-- Task description --
I need the lines below from the one with "21) person (542,481,560,543)" down to the one with "2D boxes in" reproduced exactly, both ends included, and nothing else.
↓
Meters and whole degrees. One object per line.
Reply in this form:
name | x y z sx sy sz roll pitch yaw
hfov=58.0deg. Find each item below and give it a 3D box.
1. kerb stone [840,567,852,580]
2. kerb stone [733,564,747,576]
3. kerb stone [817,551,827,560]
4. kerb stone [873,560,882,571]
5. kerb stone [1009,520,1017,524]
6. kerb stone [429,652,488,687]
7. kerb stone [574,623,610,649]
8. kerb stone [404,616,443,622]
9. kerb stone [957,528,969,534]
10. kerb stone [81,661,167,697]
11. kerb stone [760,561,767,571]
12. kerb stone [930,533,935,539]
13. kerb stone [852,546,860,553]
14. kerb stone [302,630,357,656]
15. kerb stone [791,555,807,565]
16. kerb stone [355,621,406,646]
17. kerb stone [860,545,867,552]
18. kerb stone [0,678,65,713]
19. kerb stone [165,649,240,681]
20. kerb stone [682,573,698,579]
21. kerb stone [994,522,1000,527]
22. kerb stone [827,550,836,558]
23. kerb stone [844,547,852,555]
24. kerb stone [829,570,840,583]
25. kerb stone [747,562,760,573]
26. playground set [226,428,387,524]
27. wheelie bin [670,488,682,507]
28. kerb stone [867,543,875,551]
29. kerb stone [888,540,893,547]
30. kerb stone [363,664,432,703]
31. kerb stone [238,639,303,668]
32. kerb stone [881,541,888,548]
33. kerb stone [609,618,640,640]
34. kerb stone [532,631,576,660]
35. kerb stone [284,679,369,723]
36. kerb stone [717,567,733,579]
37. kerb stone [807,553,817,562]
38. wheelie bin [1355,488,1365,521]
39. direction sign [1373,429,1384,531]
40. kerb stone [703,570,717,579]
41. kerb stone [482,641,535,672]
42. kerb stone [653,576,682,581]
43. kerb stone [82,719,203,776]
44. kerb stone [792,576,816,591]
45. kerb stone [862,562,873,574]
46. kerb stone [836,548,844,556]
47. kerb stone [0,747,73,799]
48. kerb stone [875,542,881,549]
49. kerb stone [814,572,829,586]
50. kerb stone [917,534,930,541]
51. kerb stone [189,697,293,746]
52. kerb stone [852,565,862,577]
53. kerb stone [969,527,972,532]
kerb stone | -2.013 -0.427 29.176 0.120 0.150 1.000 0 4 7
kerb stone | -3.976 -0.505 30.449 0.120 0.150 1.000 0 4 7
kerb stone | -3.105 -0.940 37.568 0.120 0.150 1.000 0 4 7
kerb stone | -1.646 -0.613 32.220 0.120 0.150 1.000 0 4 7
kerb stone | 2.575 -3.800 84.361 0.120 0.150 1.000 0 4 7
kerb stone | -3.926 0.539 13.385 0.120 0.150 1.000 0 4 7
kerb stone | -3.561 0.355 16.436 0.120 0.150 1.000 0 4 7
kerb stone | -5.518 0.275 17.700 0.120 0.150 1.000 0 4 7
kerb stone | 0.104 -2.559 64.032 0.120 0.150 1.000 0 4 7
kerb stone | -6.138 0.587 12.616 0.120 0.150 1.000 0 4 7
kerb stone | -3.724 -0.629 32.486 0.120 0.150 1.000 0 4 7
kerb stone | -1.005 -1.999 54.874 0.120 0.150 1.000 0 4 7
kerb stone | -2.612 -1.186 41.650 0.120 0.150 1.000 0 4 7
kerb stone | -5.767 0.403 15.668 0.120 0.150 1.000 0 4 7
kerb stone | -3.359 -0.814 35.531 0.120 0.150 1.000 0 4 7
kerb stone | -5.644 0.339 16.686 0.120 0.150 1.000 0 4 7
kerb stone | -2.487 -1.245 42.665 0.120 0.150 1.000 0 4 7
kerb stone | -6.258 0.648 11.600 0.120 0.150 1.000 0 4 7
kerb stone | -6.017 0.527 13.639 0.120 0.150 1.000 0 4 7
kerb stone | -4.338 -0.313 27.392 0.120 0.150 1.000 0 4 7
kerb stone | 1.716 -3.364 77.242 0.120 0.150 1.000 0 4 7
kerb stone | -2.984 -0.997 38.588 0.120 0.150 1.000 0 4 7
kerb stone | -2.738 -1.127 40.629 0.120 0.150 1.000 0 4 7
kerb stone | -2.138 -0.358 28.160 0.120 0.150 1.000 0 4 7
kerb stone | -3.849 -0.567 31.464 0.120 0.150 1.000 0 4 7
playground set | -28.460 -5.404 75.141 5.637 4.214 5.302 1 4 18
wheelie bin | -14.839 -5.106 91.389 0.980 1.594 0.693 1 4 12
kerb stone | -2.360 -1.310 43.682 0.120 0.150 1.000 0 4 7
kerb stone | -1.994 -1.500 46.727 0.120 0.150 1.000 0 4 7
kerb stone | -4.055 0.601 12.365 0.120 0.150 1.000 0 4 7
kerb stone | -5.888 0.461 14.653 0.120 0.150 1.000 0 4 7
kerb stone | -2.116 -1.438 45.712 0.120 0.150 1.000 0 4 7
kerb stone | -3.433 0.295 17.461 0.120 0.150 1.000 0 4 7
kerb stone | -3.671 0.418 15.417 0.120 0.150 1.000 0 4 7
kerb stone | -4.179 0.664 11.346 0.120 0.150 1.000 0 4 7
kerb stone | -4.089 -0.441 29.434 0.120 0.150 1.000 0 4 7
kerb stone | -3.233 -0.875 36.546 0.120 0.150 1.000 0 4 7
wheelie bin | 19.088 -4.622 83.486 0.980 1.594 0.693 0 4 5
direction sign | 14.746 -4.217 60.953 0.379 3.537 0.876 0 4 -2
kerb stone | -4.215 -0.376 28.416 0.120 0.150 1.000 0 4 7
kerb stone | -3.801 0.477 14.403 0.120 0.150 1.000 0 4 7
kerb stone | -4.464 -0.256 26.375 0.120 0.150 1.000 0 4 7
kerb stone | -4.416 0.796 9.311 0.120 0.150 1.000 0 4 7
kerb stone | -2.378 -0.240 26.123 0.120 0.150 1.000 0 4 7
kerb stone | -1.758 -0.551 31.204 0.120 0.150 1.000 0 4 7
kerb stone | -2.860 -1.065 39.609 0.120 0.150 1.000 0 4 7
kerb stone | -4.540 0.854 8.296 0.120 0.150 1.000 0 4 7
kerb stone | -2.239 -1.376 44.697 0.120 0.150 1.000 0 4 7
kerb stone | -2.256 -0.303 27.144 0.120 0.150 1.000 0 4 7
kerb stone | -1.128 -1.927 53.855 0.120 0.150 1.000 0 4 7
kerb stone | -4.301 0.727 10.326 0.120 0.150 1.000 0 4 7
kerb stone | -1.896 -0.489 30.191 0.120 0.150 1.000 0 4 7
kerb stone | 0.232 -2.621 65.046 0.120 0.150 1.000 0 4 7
↑
↓
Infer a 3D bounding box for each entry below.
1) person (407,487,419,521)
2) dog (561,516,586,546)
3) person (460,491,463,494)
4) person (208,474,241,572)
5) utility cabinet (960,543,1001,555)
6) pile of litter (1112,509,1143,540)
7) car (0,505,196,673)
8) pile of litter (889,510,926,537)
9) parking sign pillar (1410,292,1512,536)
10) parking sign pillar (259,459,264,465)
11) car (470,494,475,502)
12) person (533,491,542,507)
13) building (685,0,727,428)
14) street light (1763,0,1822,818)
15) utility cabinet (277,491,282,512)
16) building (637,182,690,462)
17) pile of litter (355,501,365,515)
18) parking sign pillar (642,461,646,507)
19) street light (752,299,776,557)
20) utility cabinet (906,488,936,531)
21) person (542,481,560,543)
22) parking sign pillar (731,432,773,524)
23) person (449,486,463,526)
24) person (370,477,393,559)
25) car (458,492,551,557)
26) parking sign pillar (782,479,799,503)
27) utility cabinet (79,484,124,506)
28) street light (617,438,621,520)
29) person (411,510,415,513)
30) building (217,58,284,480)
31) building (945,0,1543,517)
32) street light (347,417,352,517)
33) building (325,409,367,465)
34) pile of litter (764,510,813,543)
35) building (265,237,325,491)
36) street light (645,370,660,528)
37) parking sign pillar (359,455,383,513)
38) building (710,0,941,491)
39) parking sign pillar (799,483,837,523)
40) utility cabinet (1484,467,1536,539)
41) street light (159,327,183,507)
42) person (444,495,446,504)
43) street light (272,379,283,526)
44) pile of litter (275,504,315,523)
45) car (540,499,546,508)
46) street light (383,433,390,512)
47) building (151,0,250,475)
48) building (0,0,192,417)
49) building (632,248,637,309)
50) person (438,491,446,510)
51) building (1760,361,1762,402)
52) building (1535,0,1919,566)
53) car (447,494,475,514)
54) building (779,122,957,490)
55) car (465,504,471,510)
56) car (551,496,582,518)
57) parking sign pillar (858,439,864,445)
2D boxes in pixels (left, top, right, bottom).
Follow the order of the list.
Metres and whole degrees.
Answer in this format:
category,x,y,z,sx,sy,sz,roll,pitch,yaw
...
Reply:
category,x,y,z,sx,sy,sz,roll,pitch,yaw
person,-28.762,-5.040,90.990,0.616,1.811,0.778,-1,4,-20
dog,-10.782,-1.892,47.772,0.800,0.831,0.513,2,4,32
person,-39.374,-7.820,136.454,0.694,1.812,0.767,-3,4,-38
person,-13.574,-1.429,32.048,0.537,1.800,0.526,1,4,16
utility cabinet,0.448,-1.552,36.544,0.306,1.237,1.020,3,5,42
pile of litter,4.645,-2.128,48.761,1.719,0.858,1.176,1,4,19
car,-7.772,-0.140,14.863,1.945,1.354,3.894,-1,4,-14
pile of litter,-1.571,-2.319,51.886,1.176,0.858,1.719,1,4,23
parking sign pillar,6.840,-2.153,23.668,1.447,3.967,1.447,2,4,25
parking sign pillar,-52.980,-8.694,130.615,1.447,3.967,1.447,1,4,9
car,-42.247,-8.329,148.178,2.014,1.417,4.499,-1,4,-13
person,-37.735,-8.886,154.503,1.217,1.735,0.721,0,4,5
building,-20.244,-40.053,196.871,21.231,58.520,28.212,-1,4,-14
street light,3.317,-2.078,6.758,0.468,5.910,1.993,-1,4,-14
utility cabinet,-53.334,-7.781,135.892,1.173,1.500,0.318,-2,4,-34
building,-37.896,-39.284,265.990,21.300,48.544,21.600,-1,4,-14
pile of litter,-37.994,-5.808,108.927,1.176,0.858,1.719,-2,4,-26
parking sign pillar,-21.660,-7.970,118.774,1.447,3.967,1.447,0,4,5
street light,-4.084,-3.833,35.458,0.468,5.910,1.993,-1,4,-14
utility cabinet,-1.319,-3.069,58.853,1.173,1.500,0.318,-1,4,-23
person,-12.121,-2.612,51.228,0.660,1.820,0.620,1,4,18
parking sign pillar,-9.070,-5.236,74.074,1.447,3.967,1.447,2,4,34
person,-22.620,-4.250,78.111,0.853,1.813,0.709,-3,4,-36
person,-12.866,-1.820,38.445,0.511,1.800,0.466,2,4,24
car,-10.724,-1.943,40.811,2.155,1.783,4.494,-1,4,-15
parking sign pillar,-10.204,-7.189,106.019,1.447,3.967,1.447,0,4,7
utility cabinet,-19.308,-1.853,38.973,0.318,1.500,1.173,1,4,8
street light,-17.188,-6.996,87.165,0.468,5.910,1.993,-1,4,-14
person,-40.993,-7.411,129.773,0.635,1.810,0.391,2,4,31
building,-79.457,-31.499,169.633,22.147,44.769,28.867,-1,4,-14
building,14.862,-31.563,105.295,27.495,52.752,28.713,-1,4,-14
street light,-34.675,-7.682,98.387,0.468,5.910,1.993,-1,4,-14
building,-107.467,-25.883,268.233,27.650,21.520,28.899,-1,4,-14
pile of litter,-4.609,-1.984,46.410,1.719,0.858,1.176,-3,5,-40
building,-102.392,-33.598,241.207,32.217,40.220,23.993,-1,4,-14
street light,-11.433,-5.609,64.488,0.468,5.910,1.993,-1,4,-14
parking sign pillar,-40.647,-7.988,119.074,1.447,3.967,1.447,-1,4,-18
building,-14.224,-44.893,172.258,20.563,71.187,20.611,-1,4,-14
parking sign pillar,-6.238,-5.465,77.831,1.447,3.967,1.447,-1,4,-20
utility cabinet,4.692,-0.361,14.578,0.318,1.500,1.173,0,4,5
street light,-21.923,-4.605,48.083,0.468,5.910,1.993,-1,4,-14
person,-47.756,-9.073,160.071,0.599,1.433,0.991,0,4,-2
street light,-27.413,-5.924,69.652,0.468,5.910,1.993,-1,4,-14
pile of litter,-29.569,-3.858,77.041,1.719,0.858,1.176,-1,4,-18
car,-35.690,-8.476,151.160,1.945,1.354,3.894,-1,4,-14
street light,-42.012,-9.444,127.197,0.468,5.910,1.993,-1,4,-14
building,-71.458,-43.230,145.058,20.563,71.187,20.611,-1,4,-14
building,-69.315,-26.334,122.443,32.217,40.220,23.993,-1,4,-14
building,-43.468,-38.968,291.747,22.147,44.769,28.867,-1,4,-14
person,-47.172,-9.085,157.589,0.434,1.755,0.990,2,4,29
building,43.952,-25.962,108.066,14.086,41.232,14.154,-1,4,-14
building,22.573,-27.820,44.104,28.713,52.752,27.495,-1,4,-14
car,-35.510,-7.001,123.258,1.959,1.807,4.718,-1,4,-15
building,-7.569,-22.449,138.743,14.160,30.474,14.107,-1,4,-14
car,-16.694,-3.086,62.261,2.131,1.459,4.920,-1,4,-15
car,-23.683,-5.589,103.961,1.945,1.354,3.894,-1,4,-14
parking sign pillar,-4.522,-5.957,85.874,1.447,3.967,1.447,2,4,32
↑
↓
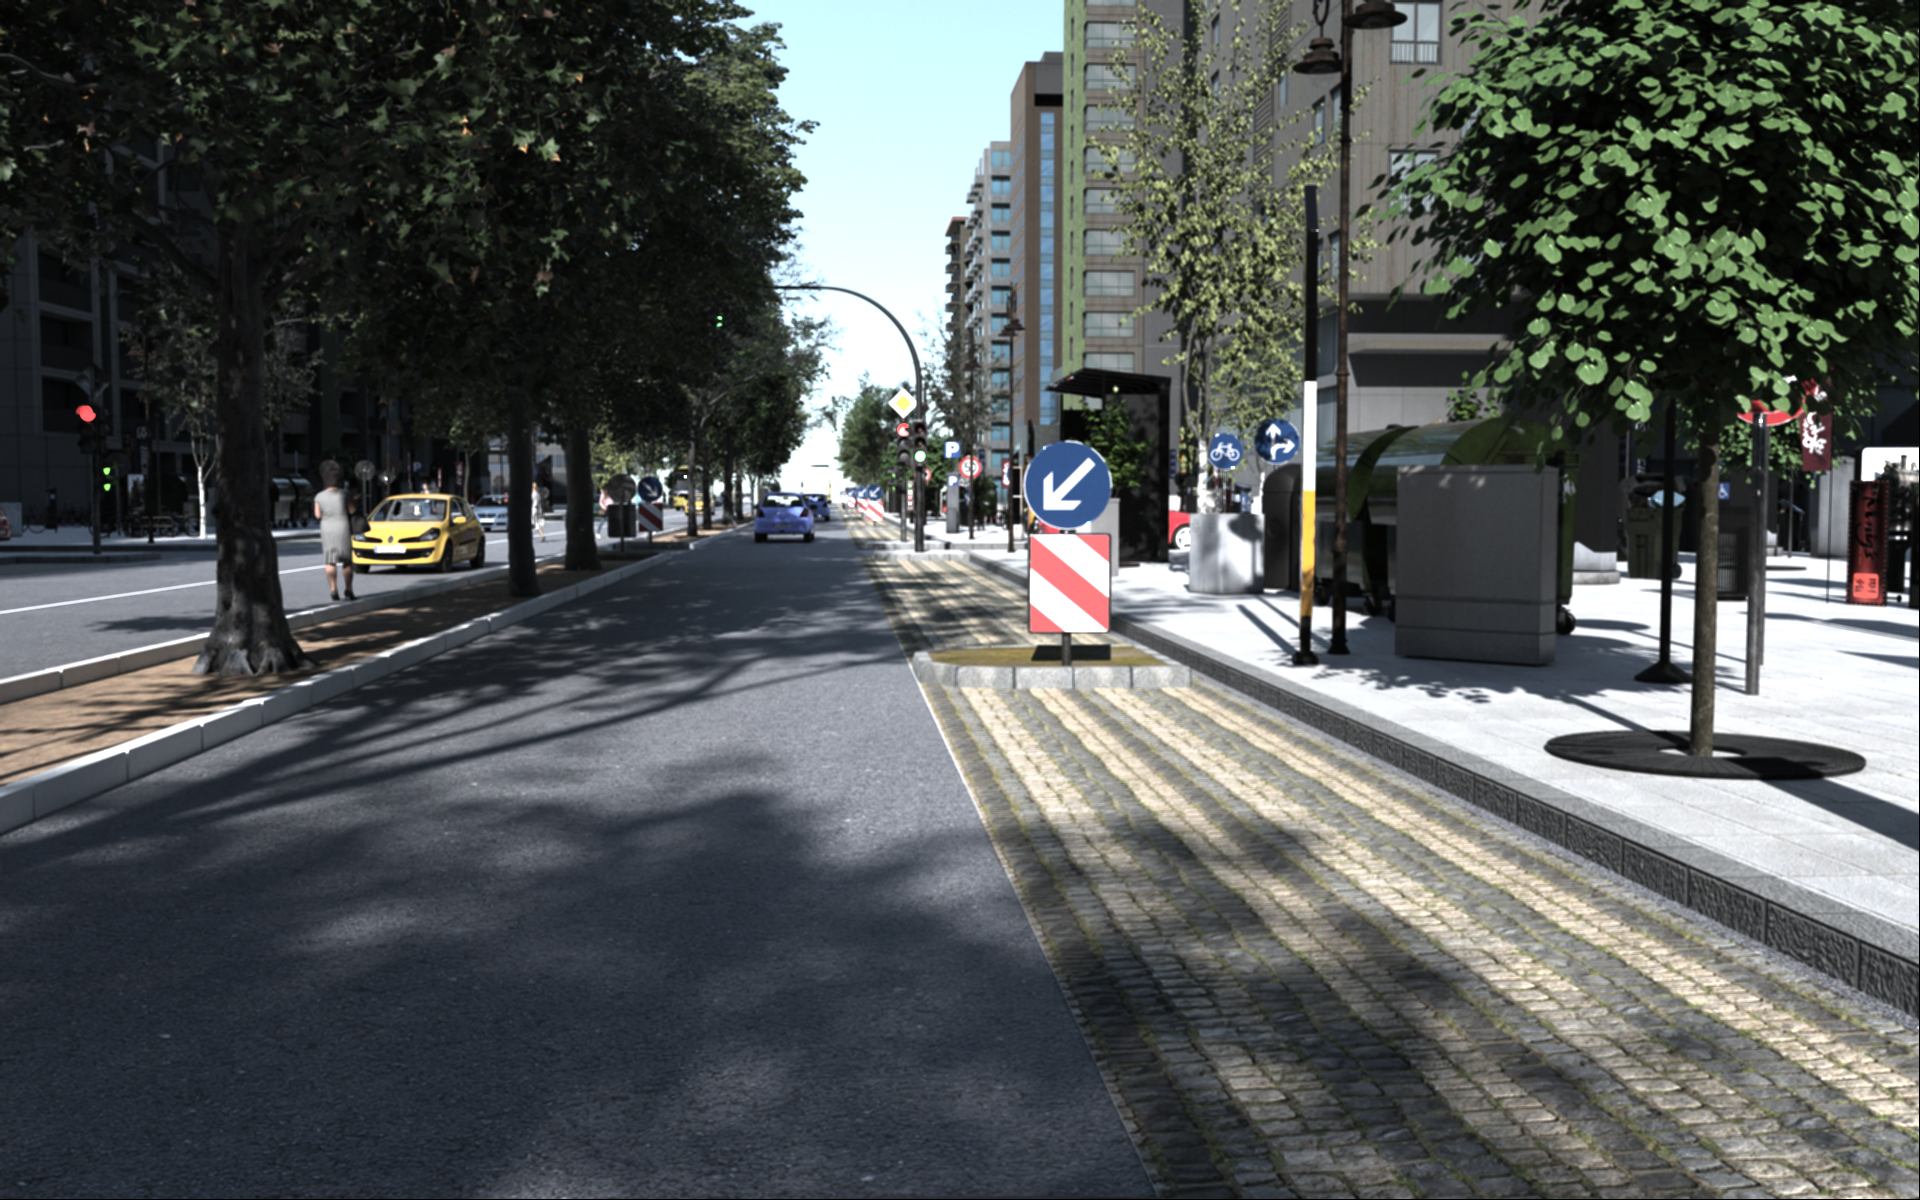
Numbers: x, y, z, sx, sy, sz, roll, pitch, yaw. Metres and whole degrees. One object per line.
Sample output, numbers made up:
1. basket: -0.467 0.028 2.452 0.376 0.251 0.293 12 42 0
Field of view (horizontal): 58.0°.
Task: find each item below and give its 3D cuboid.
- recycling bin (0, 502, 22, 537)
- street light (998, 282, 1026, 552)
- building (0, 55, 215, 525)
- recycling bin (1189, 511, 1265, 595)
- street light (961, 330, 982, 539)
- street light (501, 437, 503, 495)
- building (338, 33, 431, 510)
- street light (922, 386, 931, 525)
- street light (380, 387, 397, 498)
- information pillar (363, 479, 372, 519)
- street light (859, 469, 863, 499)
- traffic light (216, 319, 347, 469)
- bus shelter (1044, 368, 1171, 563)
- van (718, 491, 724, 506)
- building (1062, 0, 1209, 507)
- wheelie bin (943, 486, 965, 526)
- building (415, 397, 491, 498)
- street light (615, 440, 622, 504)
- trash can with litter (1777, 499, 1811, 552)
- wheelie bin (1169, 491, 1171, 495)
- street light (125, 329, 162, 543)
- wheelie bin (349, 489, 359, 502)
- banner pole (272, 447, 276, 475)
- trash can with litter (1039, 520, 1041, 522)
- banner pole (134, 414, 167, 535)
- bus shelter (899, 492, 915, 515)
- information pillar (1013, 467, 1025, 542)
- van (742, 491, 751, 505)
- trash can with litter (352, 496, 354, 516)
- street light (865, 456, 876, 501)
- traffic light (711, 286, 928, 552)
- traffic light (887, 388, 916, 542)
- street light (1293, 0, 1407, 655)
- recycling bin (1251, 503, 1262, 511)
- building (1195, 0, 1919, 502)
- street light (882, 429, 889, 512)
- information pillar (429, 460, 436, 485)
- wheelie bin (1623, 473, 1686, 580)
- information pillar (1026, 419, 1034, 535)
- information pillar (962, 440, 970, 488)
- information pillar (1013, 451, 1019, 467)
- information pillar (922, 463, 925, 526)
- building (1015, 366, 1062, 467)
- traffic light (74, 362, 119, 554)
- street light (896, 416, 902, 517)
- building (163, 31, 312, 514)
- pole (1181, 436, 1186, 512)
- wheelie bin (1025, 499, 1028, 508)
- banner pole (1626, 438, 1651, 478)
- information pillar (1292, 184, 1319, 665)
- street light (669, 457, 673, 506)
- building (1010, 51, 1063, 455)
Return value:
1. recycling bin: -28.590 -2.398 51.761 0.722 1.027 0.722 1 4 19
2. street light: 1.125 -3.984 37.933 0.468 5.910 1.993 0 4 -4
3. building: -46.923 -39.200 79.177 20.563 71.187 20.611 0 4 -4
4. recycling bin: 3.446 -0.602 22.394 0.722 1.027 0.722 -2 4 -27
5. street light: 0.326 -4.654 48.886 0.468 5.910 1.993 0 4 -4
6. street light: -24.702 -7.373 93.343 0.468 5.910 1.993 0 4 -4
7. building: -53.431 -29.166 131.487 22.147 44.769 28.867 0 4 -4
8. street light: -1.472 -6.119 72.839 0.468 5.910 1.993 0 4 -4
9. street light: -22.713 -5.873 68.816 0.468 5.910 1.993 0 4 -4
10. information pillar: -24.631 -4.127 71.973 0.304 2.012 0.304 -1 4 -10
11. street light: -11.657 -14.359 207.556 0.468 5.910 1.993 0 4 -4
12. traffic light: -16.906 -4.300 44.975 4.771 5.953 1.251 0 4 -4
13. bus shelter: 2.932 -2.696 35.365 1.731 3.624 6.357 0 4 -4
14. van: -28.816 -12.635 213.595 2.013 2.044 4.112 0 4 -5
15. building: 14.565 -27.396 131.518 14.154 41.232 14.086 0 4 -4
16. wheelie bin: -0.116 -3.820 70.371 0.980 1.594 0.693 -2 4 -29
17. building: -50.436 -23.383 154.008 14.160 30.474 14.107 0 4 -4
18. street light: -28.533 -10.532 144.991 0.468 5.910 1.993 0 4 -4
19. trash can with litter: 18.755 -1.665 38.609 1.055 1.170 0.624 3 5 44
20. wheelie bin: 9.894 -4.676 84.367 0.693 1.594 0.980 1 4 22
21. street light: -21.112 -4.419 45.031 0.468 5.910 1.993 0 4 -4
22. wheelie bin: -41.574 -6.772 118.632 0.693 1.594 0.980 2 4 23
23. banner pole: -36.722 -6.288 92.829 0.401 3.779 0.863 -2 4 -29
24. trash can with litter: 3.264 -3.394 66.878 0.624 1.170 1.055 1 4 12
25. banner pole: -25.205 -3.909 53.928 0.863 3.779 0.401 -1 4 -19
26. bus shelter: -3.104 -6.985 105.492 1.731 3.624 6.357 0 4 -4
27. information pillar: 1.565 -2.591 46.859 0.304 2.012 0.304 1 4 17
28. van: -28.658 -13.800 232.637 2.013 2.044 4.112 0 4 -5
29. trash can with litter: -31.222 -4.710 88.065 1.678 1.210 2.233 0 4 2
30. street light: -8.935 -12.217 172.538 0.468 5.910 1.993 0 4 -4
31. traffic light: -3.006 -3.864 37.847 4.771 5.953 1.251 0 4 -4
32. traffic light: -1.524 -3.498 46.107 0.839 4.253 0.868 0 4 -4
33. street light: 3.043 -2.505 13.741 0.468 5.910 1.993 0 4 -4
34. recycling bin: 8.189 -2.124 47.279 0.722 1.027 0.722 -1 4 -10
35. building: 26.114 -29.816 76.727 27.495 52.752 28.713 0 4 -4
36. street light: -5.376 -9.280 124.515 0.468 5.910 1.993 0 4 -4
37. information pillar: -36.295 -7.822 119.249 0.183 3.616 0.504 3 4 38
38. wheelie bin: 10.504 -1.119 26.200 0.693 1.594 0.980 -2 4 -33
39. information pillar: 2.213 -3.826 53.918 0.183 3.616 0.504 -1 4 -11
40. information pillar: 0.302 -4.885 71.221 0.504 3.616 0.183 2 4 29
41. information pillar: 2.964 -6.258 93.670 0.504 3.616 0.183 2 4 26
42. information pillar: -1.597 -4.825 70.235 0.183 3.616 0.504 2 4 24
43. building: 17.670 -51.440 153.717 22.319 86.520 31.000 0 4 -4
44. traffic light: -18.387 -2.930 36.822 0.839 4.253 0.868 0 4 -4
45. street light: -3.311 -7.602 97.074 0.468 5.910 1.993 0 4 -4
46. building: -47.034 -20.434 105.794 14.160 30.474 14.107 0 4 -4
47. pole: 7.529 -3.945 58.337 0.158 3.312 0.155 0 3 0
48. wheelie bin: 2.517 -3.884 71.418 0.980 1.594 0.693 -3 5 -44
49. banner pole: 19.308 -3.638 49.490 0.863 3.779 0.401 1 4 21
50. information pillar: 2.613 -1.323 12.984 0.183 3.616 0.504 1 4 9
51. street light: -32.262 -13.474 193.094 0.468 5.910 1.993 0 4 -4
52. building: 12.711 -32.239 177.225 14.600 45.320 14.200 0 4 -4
↑
-- Output for this exercise --
21) person (542,481,560,543)
22) parking sign pillar (731,432,773,524)
23) person (449,486,463,526)
24) person (370,477,393,559)
25) car (458,492,551,557)
26) parking sign pillar (782,479,799,503)
27) utility cabinet (79,484,124,506)
28) street light (617,438,621,520)
29) person (411,510,415,513)
30) building (217,58,284,480)
31) building (945,0,1543,517)
32) street light (347,417,352,517)
33) building (325,409,367,465)
34) pile of litter (764,510,813,543)
35) building (265,237,325,491)
36) street light (645,370,660,528)
37) parking sign pillar (359,455,383,513)
38) building (710,0,941,491)
39) parking sign pillar (799,483,837,523)
40) utility cabinet (1484,467,1536,539)
41) street light (159,327,183,507)
42) person (444,495,446,504)
43) street light (272,379,283,526)
44) pile of litter (275,504,315,523)
45) car (540,499,546,508)
46) street light (383,433,390,512)
47) building (151,0,250,475)
48) building (0,0,192,417)
49) building (632,248,637,309)
50) person (438,491,446,510)
51) building (1760,361,1762,402)
52) building (1535,0,1919,566)
53) car (447,494,475,514)
54) building (779,122,957,490)
55) car (465,504,471,510)
56) car (551,496,582,518)
57) parking sign pillar (858,439,864,445)
2D boxes in pixels (left, top, right, bottom).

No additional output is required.